APRENDER FAZENDO: UMA PREMISSA PERIGOSA
Resumo: Este artigo diz respeito ao risco que se anda correndo com a aplicação da metodologia intitulada “aprender fazendo”, que, para muitos, desobrigou o professor da condição de ter que ensinar e o aluno de ter aprender, bastando apenas repetir determinada ação. Entendo que essa metodologia, da forma como está sendo conduzida em muitos casos, seja muito perigosa, porque traz um retrocesso no processo de ensino-aprendizagem e na formação intelectual do aluno e assim, esse mecanismo precisa ser melhor trabalhado para que seja evitada a tendência que se observa de “coisificação do ensino” e a “robotização do aluno”.
APRENDER FAZENDO: UMA PREMISSA PERIGOSA
Nos últimos tempos, não sei bem o porquê, mas a maioria dos professores, educadores e outros profissionais ligados direta ou indiretamente à Educação têm reforçado a ideia de que “aprender fazendo” é a melhor maneira de aprender. Eu confesso que tenho minhas dúvidas sobre isso e, por isso mesmo, estou aqui para dar minha modesta opinião sobre a questão e colocar minha cara exposta aos tapas, embora saiba que as críticas muito provavelmente virão.
Para começar, eu quero dizer que o ser humano é uma entidade biológica dotada de uma grande massa cefálica, a qual, dentre outras coisas, lhe permite a capacidade de pensar e que essa capacidade deve ser incentivada, pois o ser humano precisa utilizar bastante essa massa cefálica, até mesmo para se completar como humano. Por outro lado, embora seja inquestionável a nossa condição animal, não devemos ser tratados como animais de circo ou coisas semelhantes, cujo treinamento e a repetição leva ao “aprendizado”, sem o uso da massa cefálica, ou seja, que permite a realização das coisas, porém sem quase nenhuma atividade neurossensorial que justifique o entendimento dessas coisas.
Nós humanos não nascemos para ser apenas adestrados a fazer coisas. Penso que nascemos principalmente para pensar, criar e aplicar ações sobre as diversas coisas e questões, exatamente nessa ordem. Isto é, primeiro pensamos e entendemos, depois criamos e por fim aplicamos o conhecimento pensado.
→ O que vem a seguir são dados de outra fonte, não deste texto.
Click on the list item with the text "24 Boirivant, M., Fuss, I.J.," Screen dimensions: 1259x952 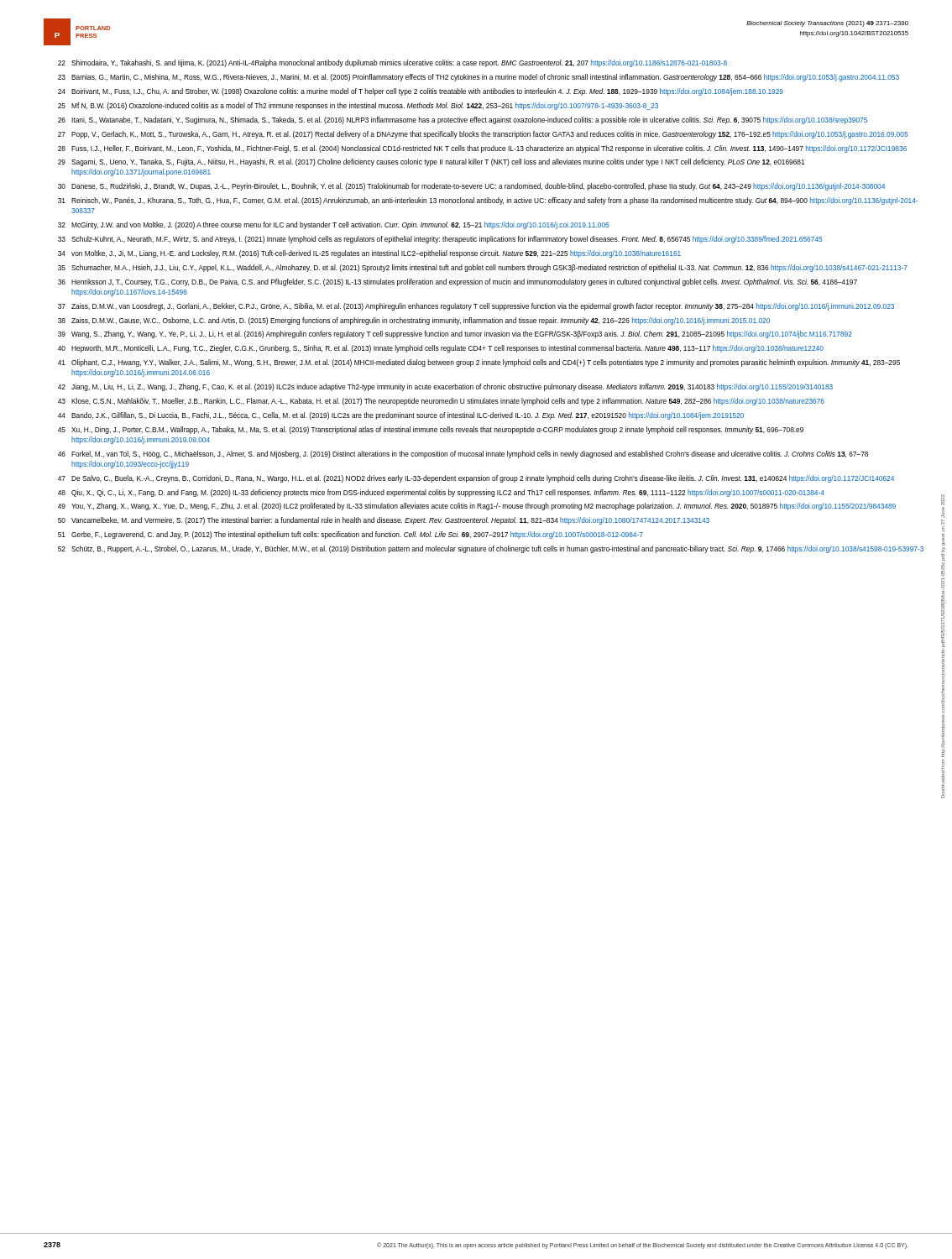488,92
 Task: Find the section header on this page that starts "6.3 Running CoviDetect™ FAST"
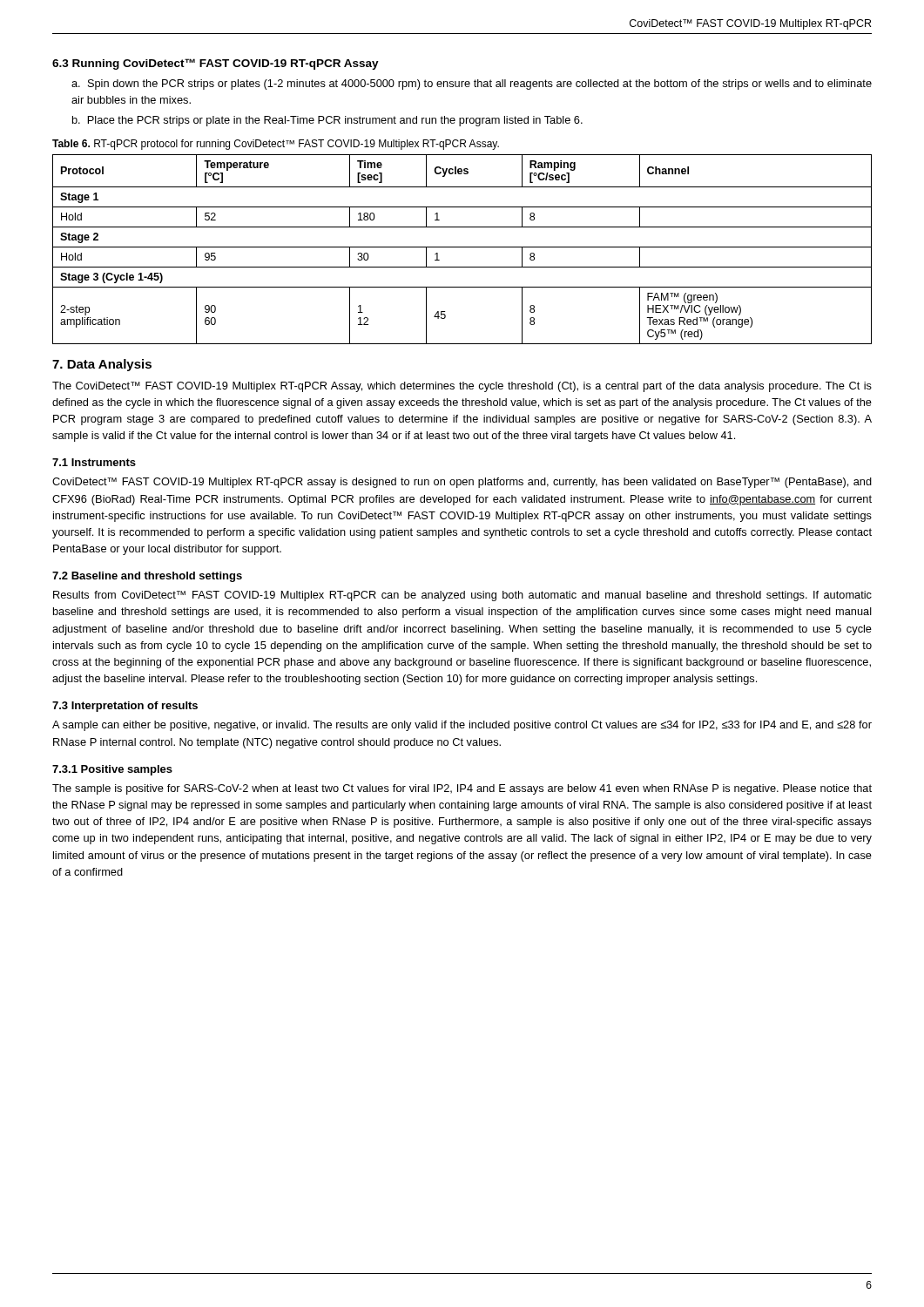pos(215,63)

Aliás, me parece que é exatamente isso mesmo que nos difere dos demais animais, ou seja, a nossa capacidade efetiva de aprender e ter a consciência real (conhecimento) daquilo que verdadeiramente aprendemos. Adestramento não é algo bom para os seres humanos, ou, pelo menos, não deveria ser, porque certamente não é bom para humanidade, haja vista que não agrega nenhum valor a nossa verdadeira condição de seres humanos.
Cada um de nós tem, ao seu modo, necessidade de aprender e de entender as coisas e os seus respectivos porquês. Isso é intrínseco de nossa espécie, pois somos curiosos e criativos por natureza. Temos necessidade de compreender para que serve? Onde se aplica? Como se aplica? E qual o resultado efetivo daquilo que estamos aprendendo e de sua aplicação? Precisamos saber se o desenvolvimento dessa prática terá um resultado positivo ou negativo para os demais humanos. A teoria aliada à prática é fundamental para que seja possível completar o aprendizado.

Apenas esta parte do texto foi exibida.